Из ряда провалов всякий выделит тот, что менее всего свидетельствует о компромиссе с самоуважением. Что до меня, то я укажу на искусство, религию и умение обращаться с людьми. В искусстве я мало чего достиг, потому что не верю в благоразумие человеческой личности. Я утратил веру в подлинность натуры, поэтому не смог бы портретировать ее. Что до религии, я не знаю ни одной, которая давала нечто более значимое, чем умиротворение и которая смогла бы избежать осуждения. Балтазар в своем «Мире» утверждает, что все церкви, секты в лучшем случае просто академии, где обучают борьбе со страхом. Последний же и самый крупный мой провал (при этой мысли я погружаю свои губы в темные живые волосы Жюстины) — в отношениях с людьми. Дело в том, что мой дух постепенно становится все более независимым, отчужденным, и потому, выбирая сочувствие, я терял право на обладание… Раз за разом, необъяснимо как, но я становился все более и более несведущим в любви, хотя в то же время все сильнее растрачивал себя. Это, понимал я без ужаса, было влиянием Жюстины. Как женщина с инстинктом обладания, она не могла не стараться захватить часть моего «я», — ту, что всегда за пределами досягаемого, а именно: последнее, исполненное боли убежище — мою иронию, мою способность дружить. Любовь как захватничество, собственно, и сделала из Жюстины Жюстину; в любом случае, причина ее отчаяния заключалась в том, что я в своей сути оставался независимым от нее; страсть же к обладанию, не имея возможности разрешиться и потому увядающая, грозит духовностью. Как трудно анализировать те связи, что скрываются за оболочкой наших поступков; для любви приемлем лишь язык касаний, секс — всего лишь терминология.

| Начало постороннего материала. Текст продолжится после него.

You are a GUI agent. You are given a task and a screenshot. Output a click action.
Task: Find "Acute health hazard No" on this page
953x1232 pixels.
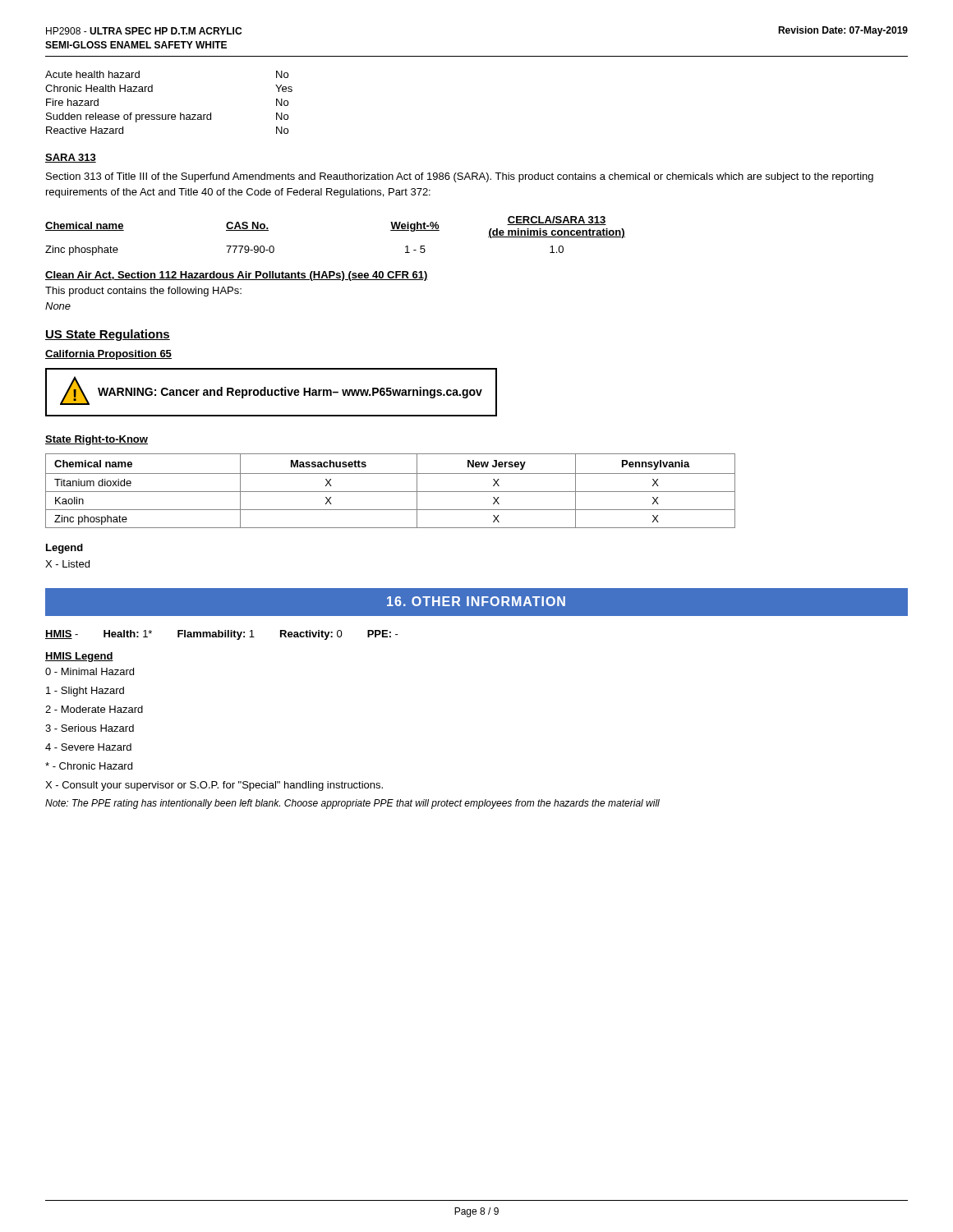pos(92,74)
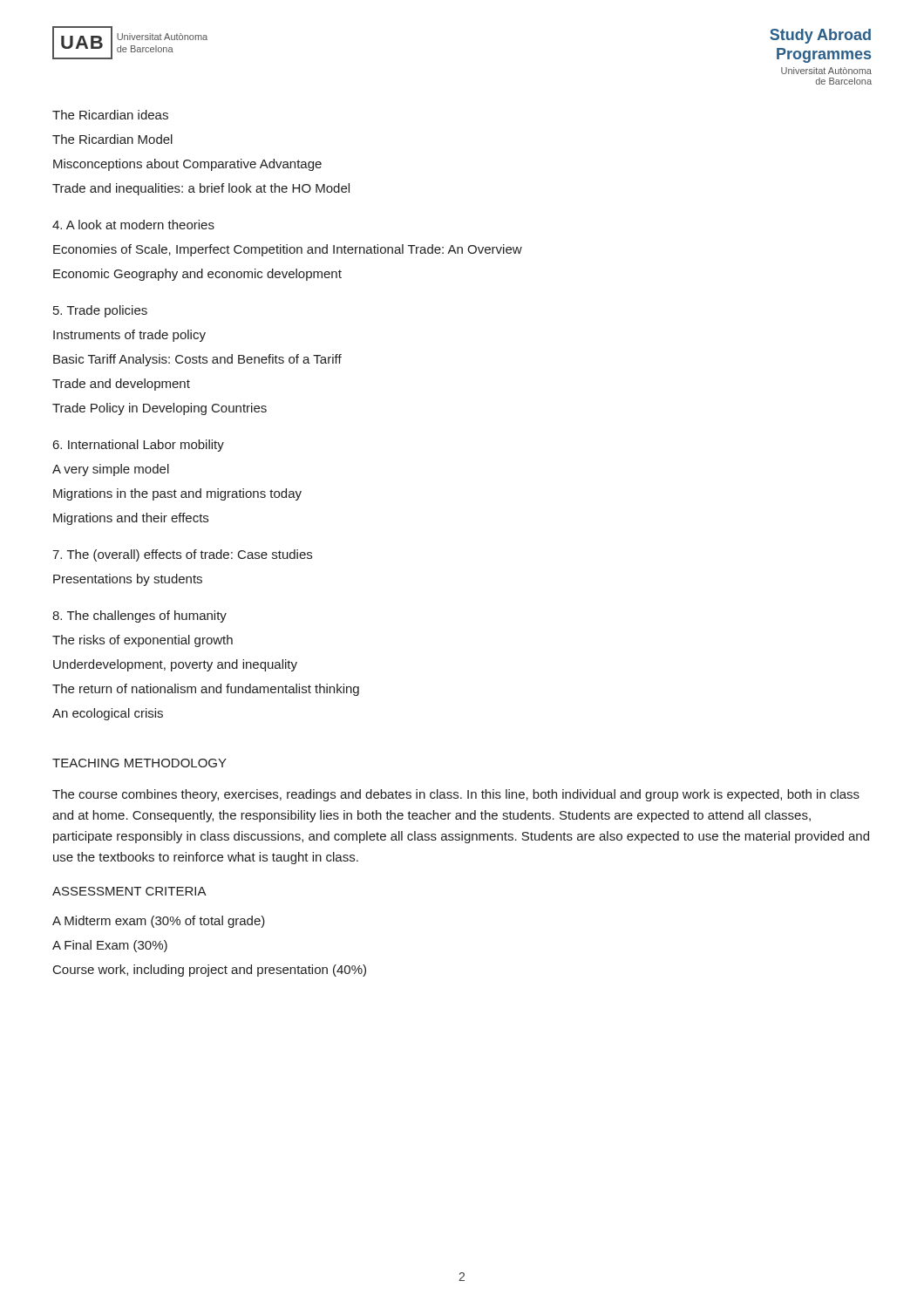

Чем дольше я воздавал этим печальным связям, принесшим мне столько боли, тем отчетливее я понимал, что боль сама по себе — только пища для памяти: ведь удовольствия исчерпываются в самих себе. Все, что они завещали, так это некий запасец относительного здоровья, дарующего жизненную независимость. Я напоминал электрическую батарею. Не связанный ни с кем и ни с чем, я циркулировал в мире мужчин и женщин как поборник истинных прав любви, которая не являлась бы ни страстью, ни привычкой, но божественным произволом небожителей среди смертных, — Афродитой Воинствующей. И вот в положении осажденного я тем не менее руководствовался тем самым качеством, что наиболее всего мне же и вредило, — бескорыстием. Именно ЭТО Жюстина и любила во мне. И только. Но отнюдь не мою личность как таковую. Женщины в смысле секса — сущие грабители, и именно сокровище моей независимости Жюстина намеревалась похитить у меня. Эту жемчужину, созревающую в голове жабы. Знаки моей отчужденности она находила во всем укладе моей жизни — в ее случайностях, диссонансах, неорганизованности. Моя значимость не относилась к чему-то, что я достиг или что я имел. Жюстина любила меня только потому, что я виделся ей чем-то неразрушимым, человеческой формой, которую уже нельзя было изменить. Ее одолевала уверенность, что даже когда я держал ее в объятиях, я продолжал думать о смерти! Это она находила невыносимым.